Artwork / City Light

Light Encroached Homes / 光染民居

Commercial light presses into the private architecture of Mong Kok.

Low-angle fisheye photograph of Hong Kong neon signs and residential buildings around a dark sky.

Light Encroached Homes

  • Chinese title: 光染民居
  • Series: City Light
  • Year: 2014
  • Location: Mong Kok, Hong Kong
  • Medium: Archival pigment print
  • Print: Edition and size details available on request.

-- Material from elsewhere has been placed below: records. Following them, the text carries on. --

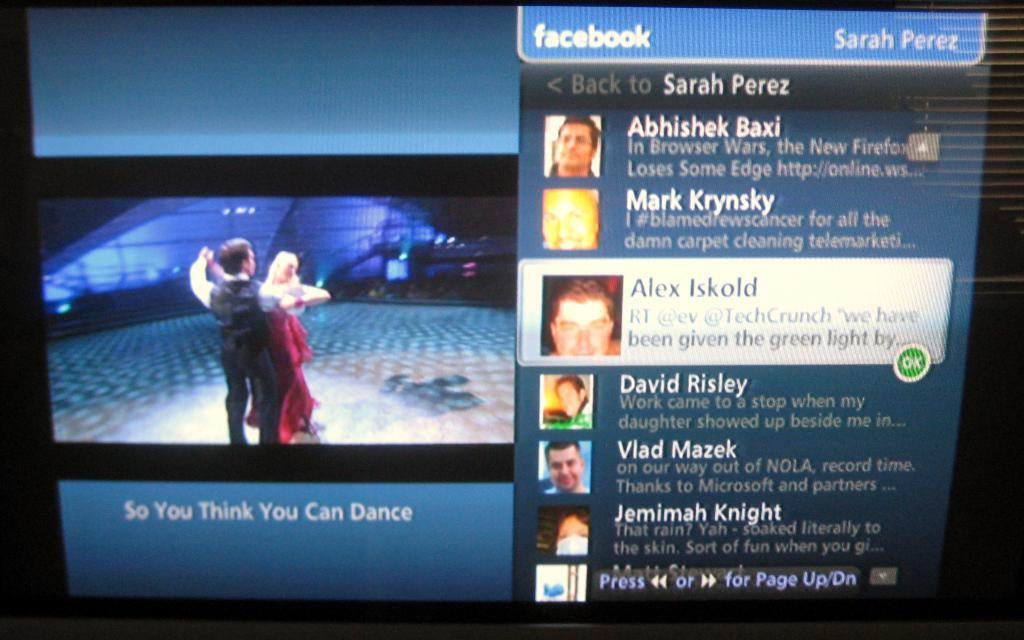Provide a one-sentence caption for the provided image. some names on a screen with Alex Iskold on it. 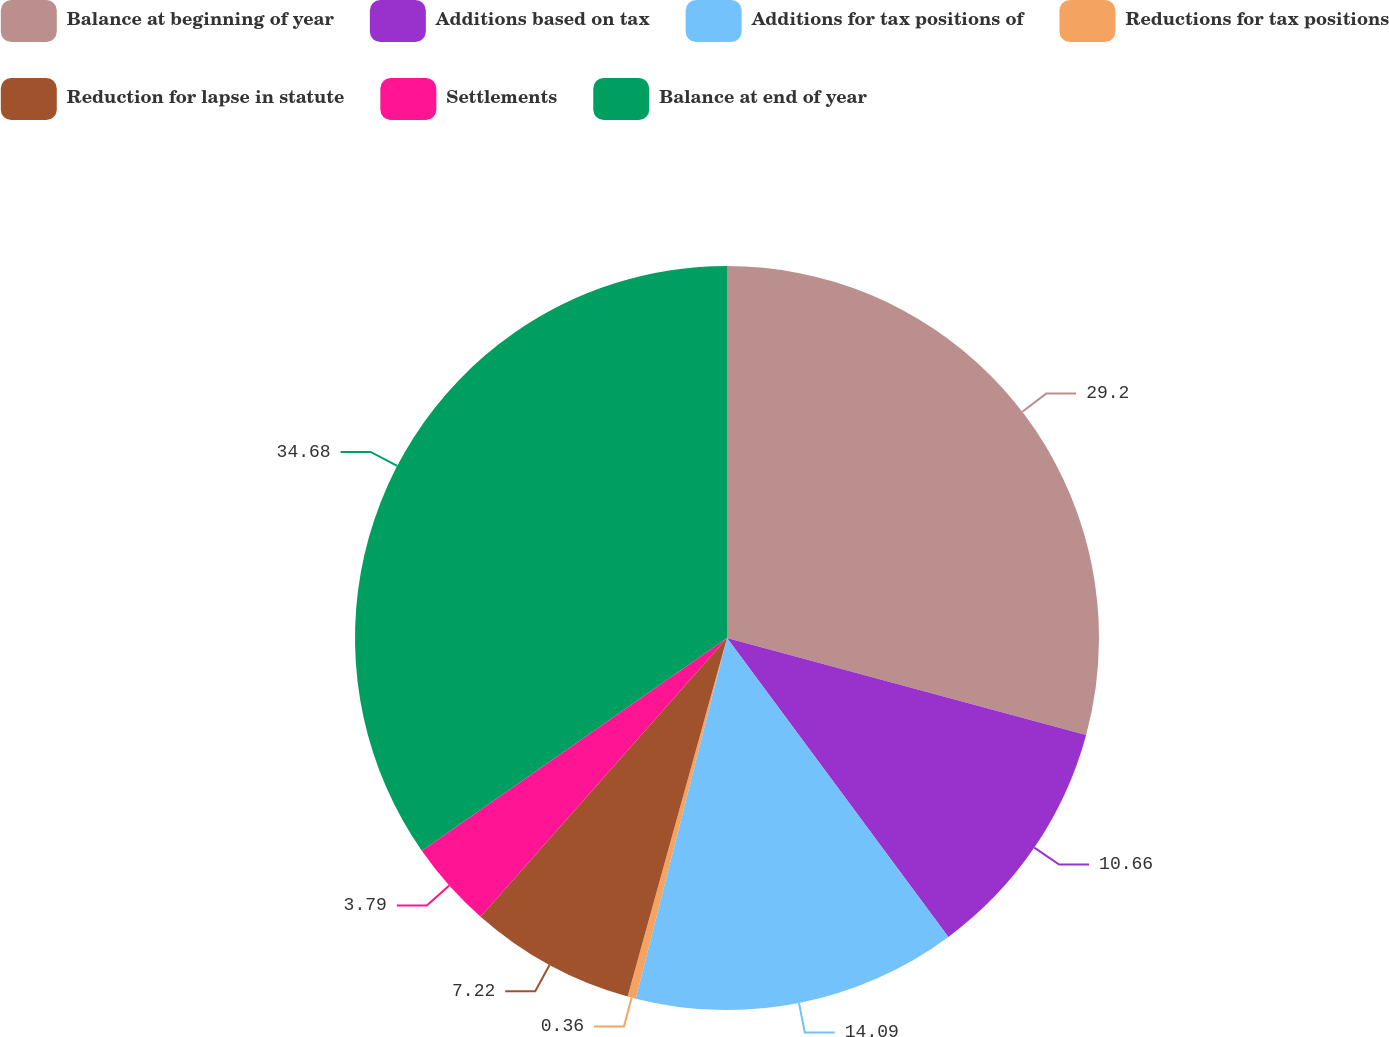<chart> <loc_0><loc_0><loc_500><loc_500><pie_chart><fcel>Balance at beginning of year<fcel>Additions based on tax<fcel>Additions for tax positions of<fcel>Reductions for tax positions<fcel>Reduction for lapse in statute<fcel>Settlements<fcel>Balance at end of year<nl><fcel>29.2%<fcel>10.66%<fcel>14.09%<fcel>0.36%<fcel>7.22%<fcel>3.79%<fcel>34.69%<nl></chart> 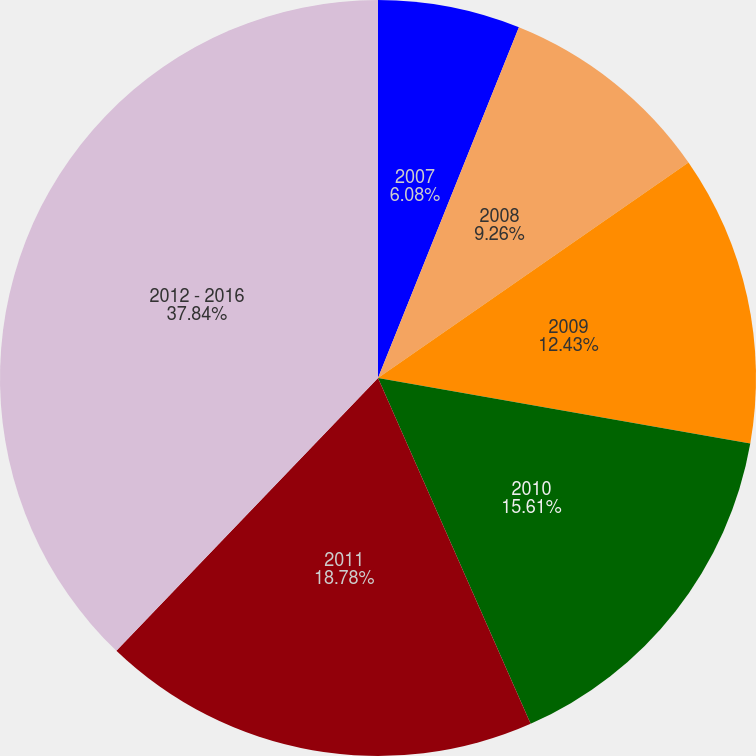Convert chart. <chart><loc_0><loc_0><loc_500><loc_500><pie_chart><fcel>2007<fcel>2008<fcel>2009<fcel>2010<fcel>2011<fcel>2012 - 2016<nl><fcel>6.08%<fcel>9.26%<fcel>12.43%<fcel>15.61%<fcel>18.78%<fcel>37.83%<nl></chart>

Light Encroached Homes / 光染民居 turns a Hong Kong street into a chamber of brightness and pressure. Photographed from an ultra-low angle, the surrounding signboards and buildings bend around a deep night sky. The effect is theatrical, but the subject is civic: the way commercial light enters domestic space and changes how the city is felt after dark. The image belongs to the City Light series because it treats illumination as an active force rather than decoration. It also anchors Kwok’s Hong Kong work, where beauty and discomfort often occupy the same frame. The photograph is direct, graphic, and almost architectural, but the title keeps the human consequence visible: homes are not just seen by the light; they are encroached upon by it.

Caption: Commercial light presses into the private architecture of Mong Kok.

Award/source note: HKU Light Pollution Photography Competition 2014, Champion.